When I was a little kid and my mom asked me what I wanted to be when I grew up, I would tell her: “I want to be President ––– of the Genetics Society of America”….uh….maybe not.
But electoral success came my way anyway. Think of the perks: the fancy house, the private plane, the entourage, my own tune playing when I arrive….uh….maybe not. So what is all the buzz about this position, and why are populations of geneticists clamoring to replace me when my term is up?….uh….okay. One Vice-President will move up to replace me, and we already know who she is (it’s Lynn Cooley from Yale).
The real stated perks, though, include some modest real estate on GSA’s Genes to Genomes blog. But don’t let me take advantage of it to grump nostalgically – I don’t want to be the scientific society president who decries the current state of the field and pines for the good old days. You won’t hear me reminisce about how we tramped miles through the snow to get to the lab, how molecular biology kits and nematodes hadn’t been invented yet, or how we knew every component of every buffer we used.
Because right now is the best of all possible times to be a geneticist!
As a graduate student, I sequenced RNA and DNA for a living, contributing to the first genome sequence of an influenza virus of some 13,000 bases. Today an undergraduate biology major – or maybe a high school student – tosses this genome onto a modern sequencer to generate that much data in about 0.000001 seconds. I don’t miss pouring those acrylamide gels, handling that 32P-labelled nucleotide, reading those endless 4-columned barcodes of As, Cs, Gs, and Ts and writing down the sequence by hand – and you shouldn’t either. That’s progress and we should delight in it.
Having the genome sequences of so many organisms and so many individual humans means that we don’t spend much time collecting DNA sequence data. Instead, we design imaginative experiments that make use of the unity of all biology apparent from the alignment of gigabases of sequence. We carry out mutant screens and rapidly identify mutations by comparison to high quality reference genome sequences. These are scenarios undreamt of a few decades ago and we should celebrate them.
We make exact changes in the genome of the cells we study – perhaps to match a gene sequence of someone with disease – and put these cells through a battery of sophisticated assays. We reconstruct elaborate pathways of differentiation and development. We build complex circuits with feedback and feedforward loops to synthesize metabolites, drugs, and other chemicals. That’s our world, and it’s a wonderful one.
During my years as a graduate student, the first stirrings of computational biology could be seen; today, some of our most talented graduate students will never hold a pipet or run a gel. Others will carry out experiments and then pause for months as they switch to analyzing the data.
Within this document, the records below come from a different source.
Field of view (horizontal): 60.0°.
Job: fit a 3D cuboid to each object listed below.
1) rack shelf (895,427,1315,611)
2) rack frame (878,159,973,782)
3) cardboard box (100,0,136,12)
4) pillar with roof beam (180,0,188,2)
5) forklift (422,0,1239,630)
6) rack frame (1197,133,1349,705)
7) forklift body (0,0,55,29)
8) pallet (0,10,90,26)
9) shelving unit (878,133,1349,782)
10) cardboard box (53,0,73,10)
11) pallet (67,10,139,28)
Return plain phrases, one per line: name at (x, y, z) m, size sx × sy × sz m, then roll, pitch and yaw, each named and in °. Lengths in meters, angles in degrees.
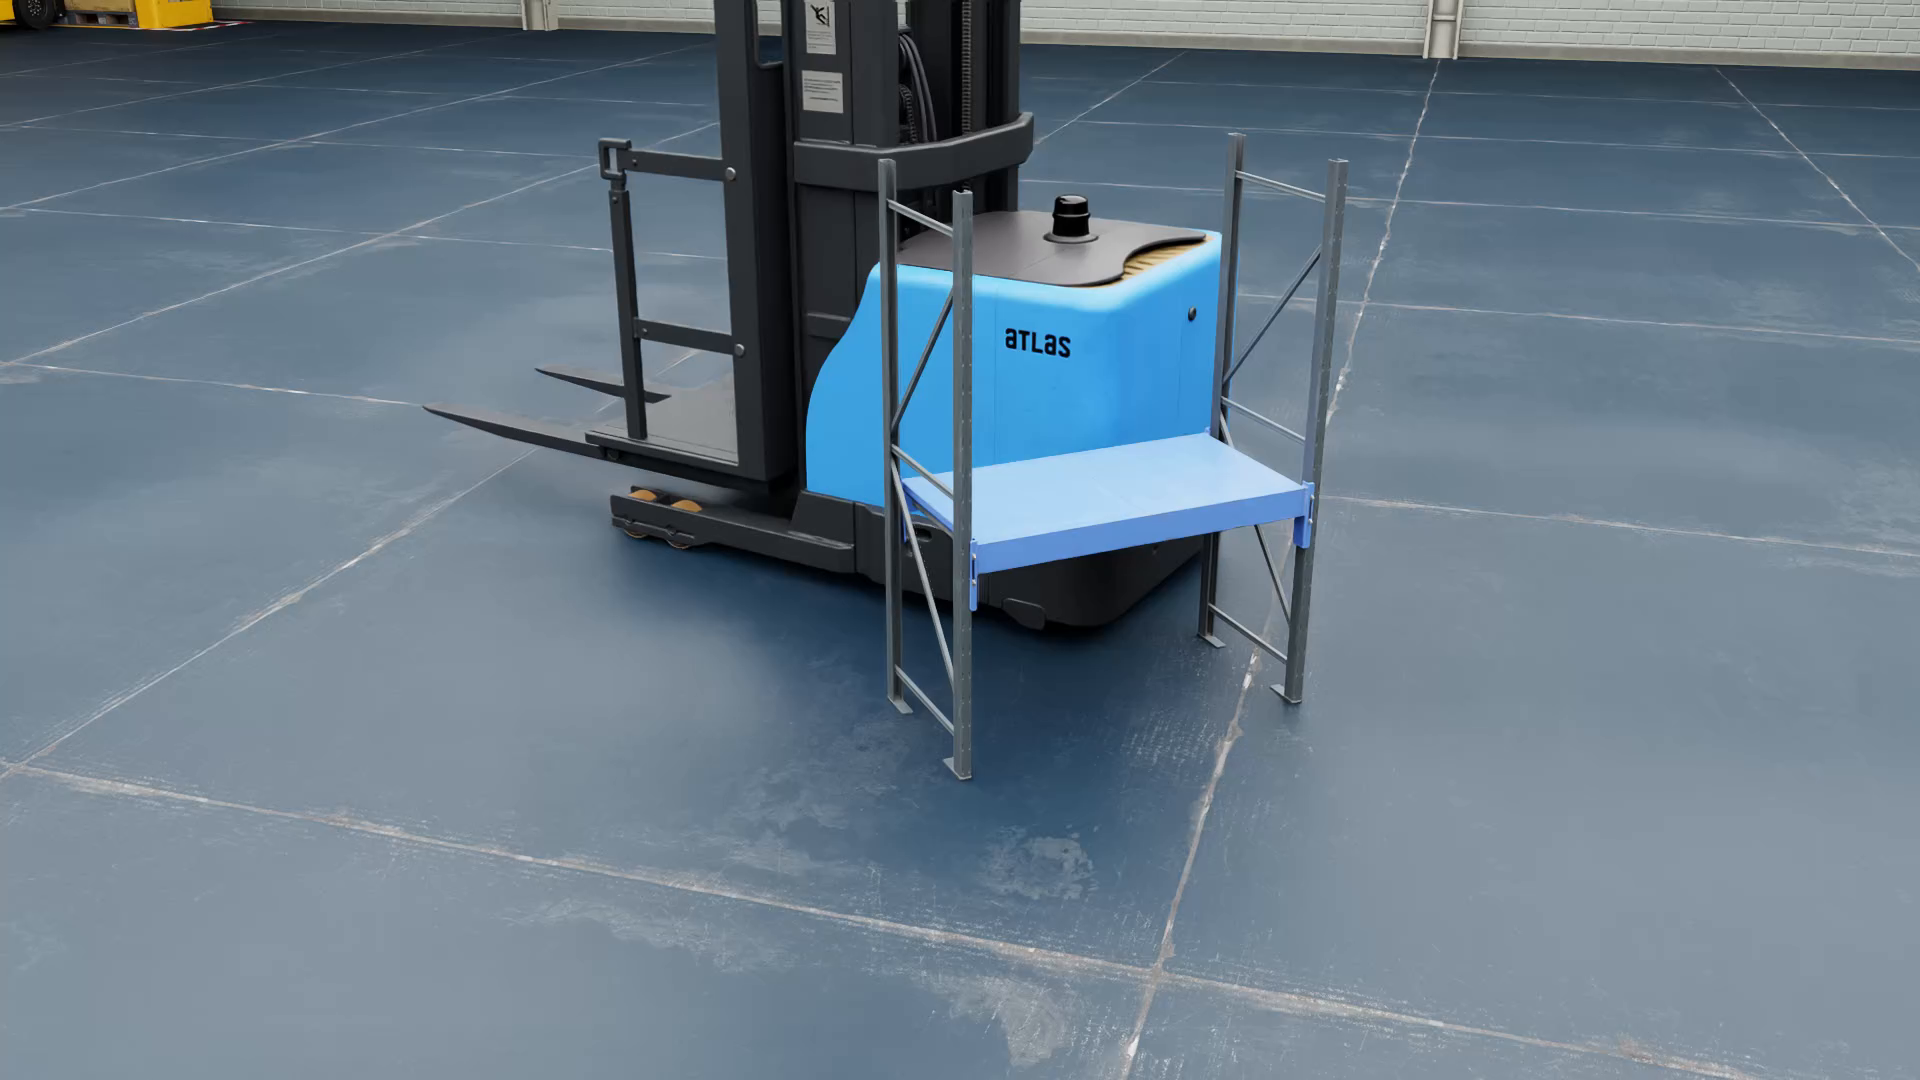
rack shelf at (0.376, -0.076, 4.453) m, size 1.000 × 0.185 × 0.538 m, roll -10°, pitch 24°, yaw -22°
rack frame at (-0.087, -0.163, 4.192) m, size 0.032 × 1.500 × 0.500 m, roll -10°, pitch 24°, yaw -22°
cardboard box at (-11.660, -7.552, 23.299) m, size 0.500 × 0.250 × 0.500 m, roll 7°, pitch 23°, yaw 16°
pillar with roof beam at (-12.769, -10.309, 19.043) m, size 0.400 × 9.000 × 9.100 m, roll 7°, pitch 23°, yaw 16°
forklift at (-0.617, -1.481, 5.519) m, size 3.031 × 2.935 × 1.130 m, roll 13°, pitch 26°, yaw 28°
rack frame at (0.840, -0.322, 4.578) m, size 0.032 × 1.500 × 0.500 m, roll -10°, pitch 24°, yaw -22°
forklift body at (-13.462, -7.846, 22.063) m, size 1.214 × 2.155 × 2.313 m, roll 7°, pitch 23°, yaw 16°
pallet at (-13.028, -7.606, 24.035) m, size 1.213 × 0.211 × 1.003 m, roll 7°, pitch 23°, yaw 15°
shelving unit at (0.376, -0.242, 4.385) m, size 1.048 × 1.500 × 0.538 m, roll -10°, pitch 24°, yaw -22°
cardboard box at (-12.610, -7.668, 23.582) m, size 0.500 × 0.250 × 0.500 m, roll 7°, pitch 23°, yaw 16°
pallet at (-11.864, -7.472, 23.707) m, size 1.213 × 0.211 × 1.003 m, roll 7°, pitch 23°, yaw 16°

Where once we worked in small isolated groups, geneticists now work hand in hand with statisticians or modelers, with computational chemists or structural biologists, with synthetic biologists or genome engineers. That’s our style of science, and it’s much the better for it.
Genetics is more than just a part of the excitement in biology: it’s the central part. Our way of thinking is integral to the understanding of any disease, the design of any drug, or the dissection of any signaling pathway. You can no more provide chemotherapy to treat a cancer without considering the tumor’s evolution than you can give a transfusion without typing a patient’s blood antigens. We work in a field whose impact on biology is huge and will only continue to grow.
Of course, it’s not a utopia out there. In other posts, we’ll discuss gloomy funding prospects, the challenges of finding a satisfying career in genetics, what we might do to keep early career biologists who want children in science, and the minefield of publishing in high profile journals. And this shouldn’t be just my blog: please send me (my last name at uw.edu; subject line: Count) your comments and ideas on what you think the GSA should be doing in these or other arenas. Even better: let me know what you can do to help us out.
But as we start this new year and new GSA presidency, let’s rejoice in what our field has accomplished and the prospects for continuing stunning discoveries. In this most wonderful time to be a geneticist, let us count our lucky stars.